- Consensus secondary structure and sequence conservation of DUF1646 RNA

Identifiers
- Symbol: DUF1646
- Rfam: RF03071

Other data
- RNA type: Cis-reg; Riboswitch
- SO: SO:0000035
- PDB structures: PDBe

= DUF1646 RNA motif =

The DUF1646 RNA motif is a conserved RNA structure that was discovered by bioinformatics. One of the two DUF1646 RNAs in Enterococcus faecalis was independently detected by term-seq. Data from both discoveries suggest that DUF1646 RNAs are cis-regulatory RNAss, and that at least some DUF1646 RNAs use Rho-independent transcription terminators as their mechanism to regulate gene expression.

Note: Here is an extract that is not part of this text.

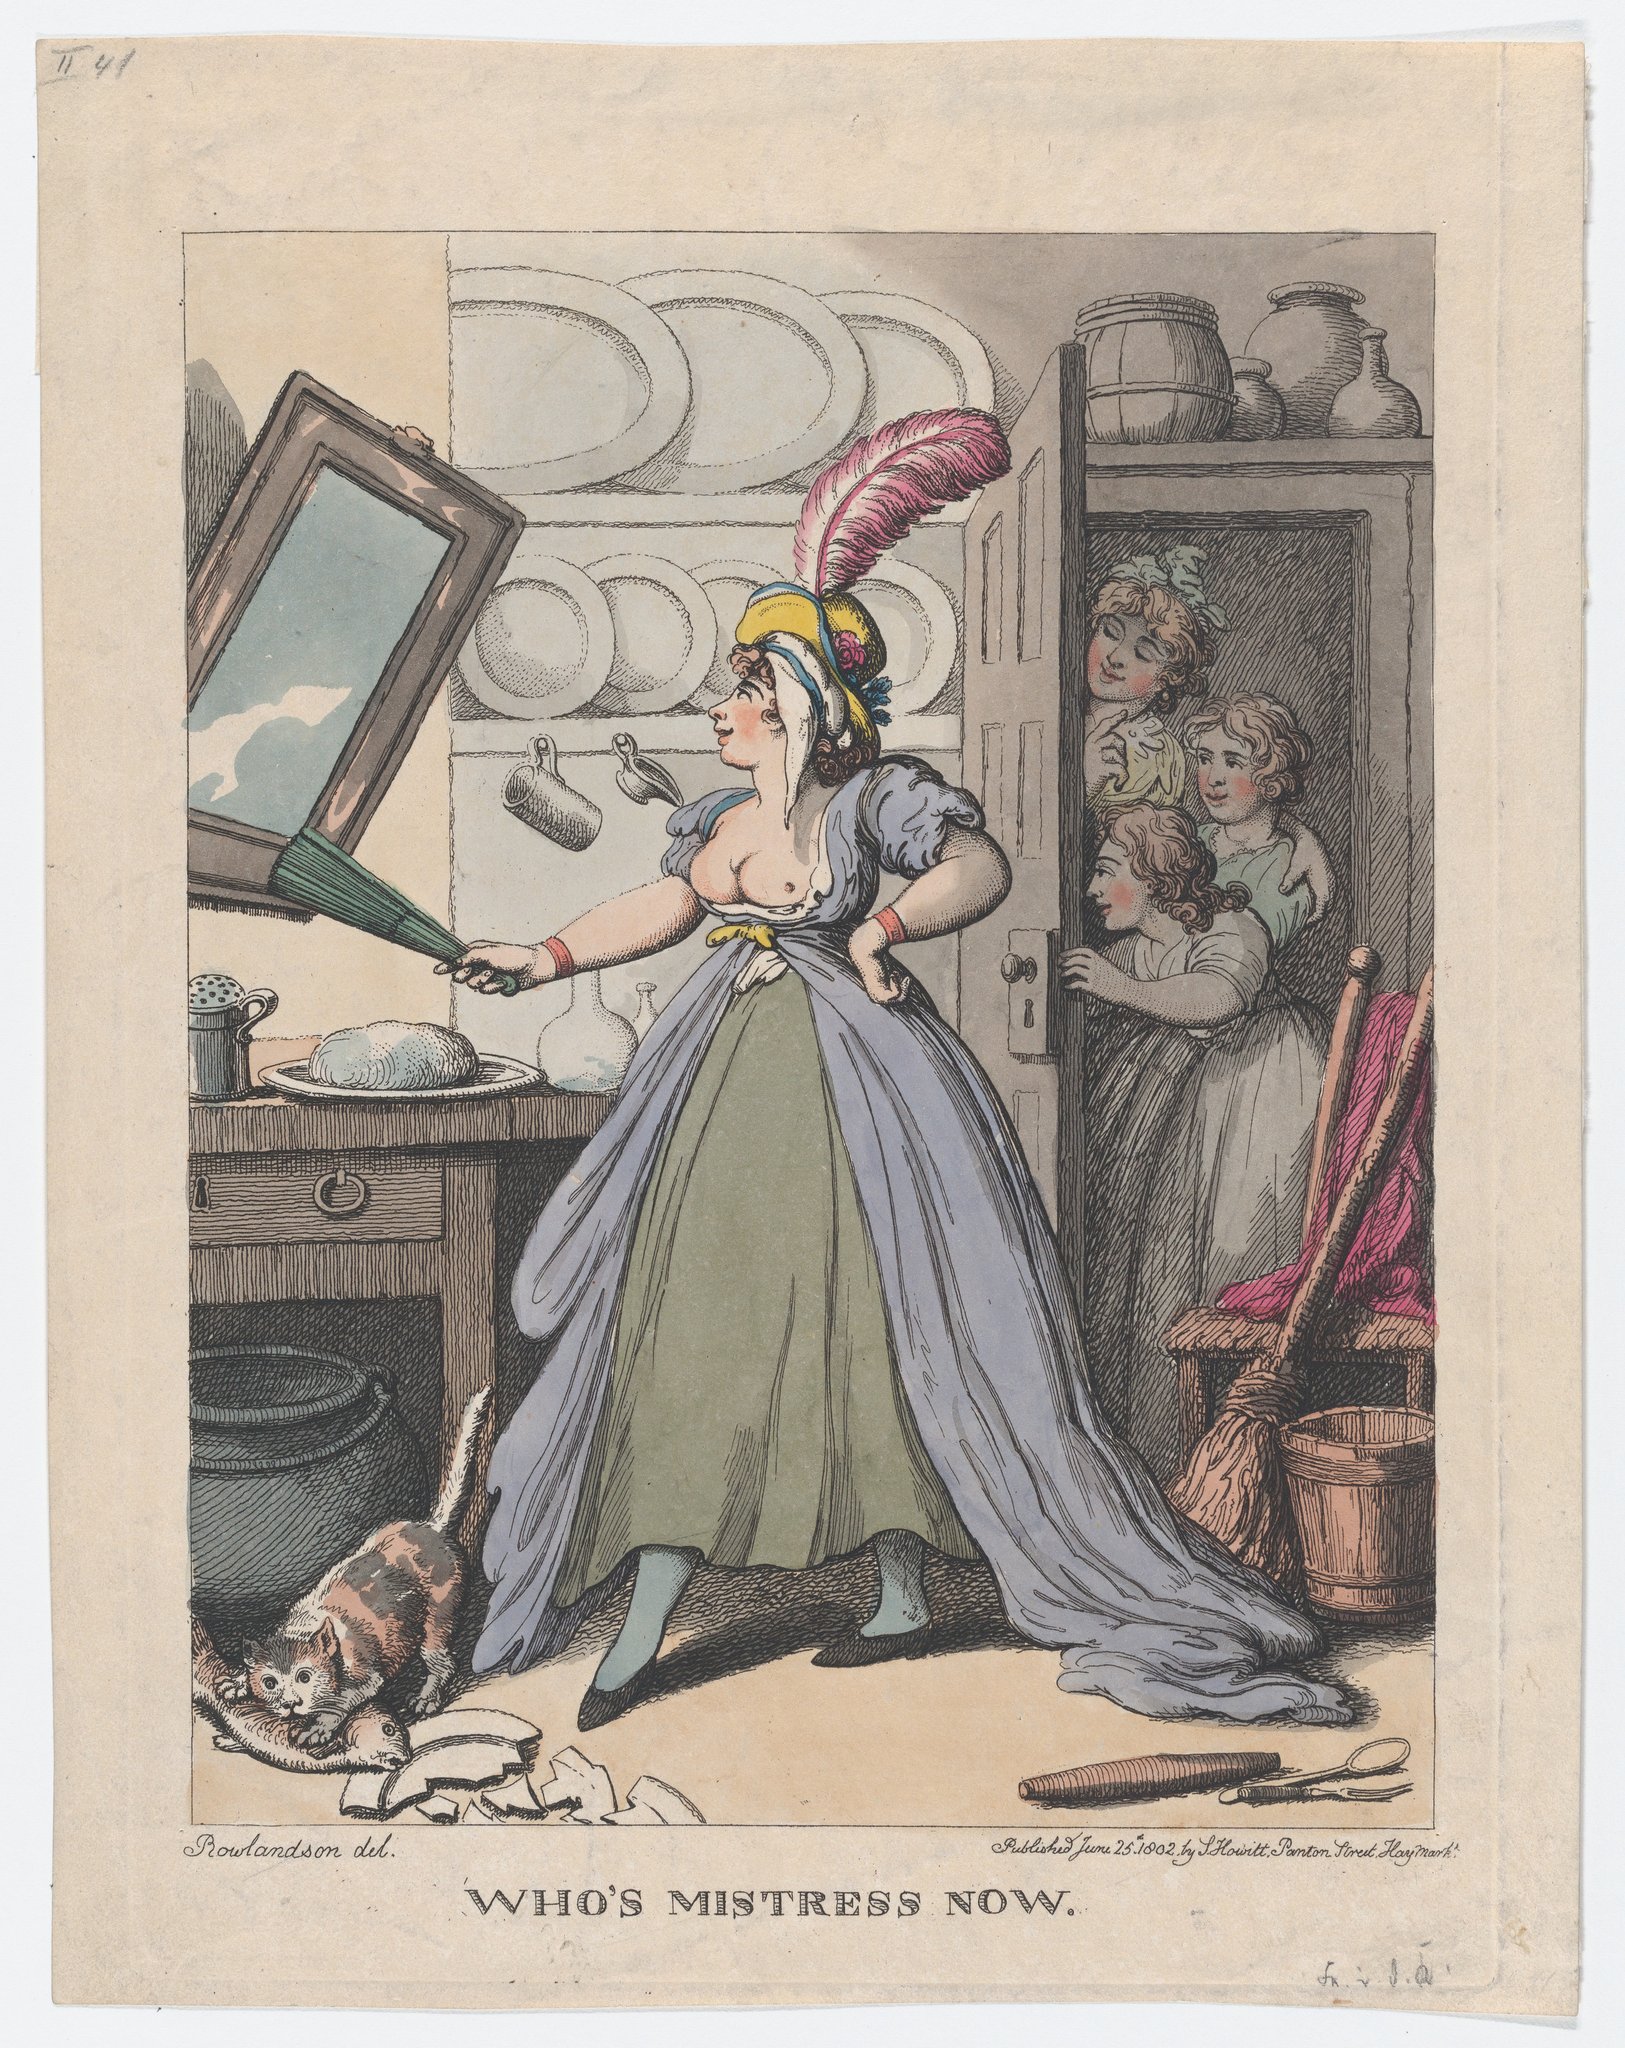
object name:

The genes apparently regulated by DUF1646 RNAs are often related to the transportation of sodium ions. Among the two most commonly regulated gene classes are those encoding sodium/proton antiporters whose relationship to sodium ion transport is obvious. The other highly common gene class encodes proteins containing a DUF1646 domain, whose biochemical and biological function is unknown. Also regulated are genes encoding proteins that transport sodium using ATP, as well as genes encoding oxaloacetate carboxyltransferase. The reaction catalyzed by oxaloacetate carboxyltransferase is tied to transporting a sodium ion across the membrane. DUF1646 RNAs rarely occur upstream of c-di-AMP riboswitches, and in these cases they apparently regulate genes that are typical for c-di-AMP signalling. In these cases, the association to sodium is at least not direct.

A DUF1646 RNA occurs upstream of an operon in Enterococcus hirae that was shown to regulate the downstream genes based on sodium ion concentrations. However, it is unclear whether this DUF1646 RNA participates in sodium-based gene regulation.